Keywords: hepatocyte growth factor, Akt, xenograft, apoptosis, angiogenesis

INTRODUCTION

Mutations/deletions of tumor suppressors, such as the phosphatase and tensin homolog deleted on chromosome 10q (PTEN), lead to Akt hyperactivation and are commonly found in malignant neoplasms [1]. Receptor tyrosine kinase (RTK) systems such as those involving c-Met, epidermal growth factor receptor (egfr), and platelet derived growth factor receptor (pdgfr) commonly influence PTEN associated oncogenic signaling [2–5]. Amplifications and/or activating mutations in receptor tyrosine kinases lead to hyperactivation of downstream signaling pathways, like the PI3K/Akt pathway, that mediate oncogenic phenotypic responses.

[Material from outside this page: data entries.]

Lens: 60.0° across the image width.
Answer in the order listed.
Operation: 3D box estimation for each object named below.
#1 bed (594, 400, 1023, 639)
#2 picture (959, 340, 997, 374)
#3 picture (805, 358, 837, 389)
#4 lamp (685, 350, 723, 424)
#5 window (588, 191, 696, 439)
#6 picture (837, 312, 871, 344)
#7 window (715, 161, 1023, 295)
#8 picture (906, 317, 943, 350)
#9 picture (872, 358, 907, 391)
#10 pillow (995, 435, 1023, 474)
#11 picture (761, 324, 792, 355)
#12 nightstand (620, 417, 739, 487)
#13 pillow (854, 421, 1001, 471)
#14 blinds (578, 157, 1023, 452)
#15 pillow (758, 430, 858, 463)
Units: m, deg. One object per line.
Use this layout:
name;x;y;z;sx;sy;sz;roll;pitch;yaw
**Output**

Dysfunction of these oncogenic molecular pathways contributes to uncontrolled tumor cell proliferation, survival, invasiveness, and tumor angiogenesis and poor patient prognoses in a variety of solid malignancies [1].

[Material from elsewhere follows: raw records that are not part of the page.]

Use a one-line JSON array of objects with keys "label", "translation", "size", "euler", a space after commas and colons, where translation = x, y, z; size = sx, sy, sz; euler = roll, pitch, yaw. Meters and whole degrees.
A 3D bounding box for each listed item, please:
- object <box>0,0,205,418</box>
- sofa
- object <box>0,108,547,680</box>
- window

PTEN is a polypeptide with dual lipid and protein phosphatase activities. PTEN dephosphorylates the lipid second messenger phosphatidylinositol 3,4,5 triphosphate (PIP3) to create phosphatidylinositol 3,4 biphosphate (PIP2). Conversion of PIP3 to PIP2 diminishes the downstream effects of PI3K including the extent of Akt activation [6]. Somatic deletions/mutations of PTEN are commonly found in a wide variety of solid tumors and are detected in 40–50% of glioblastomas [7–8]. PTEN expression in PTEN-null glioma cells suppresses glioma growth in vitro and in vivo inhibiting cell migration and invasion, while also inducing apoptosis [9–12]. PTEN is shown to co-regulate RTK mediated gene expression in glioma models and influences the response to targeted kinase inhibitors [13–14].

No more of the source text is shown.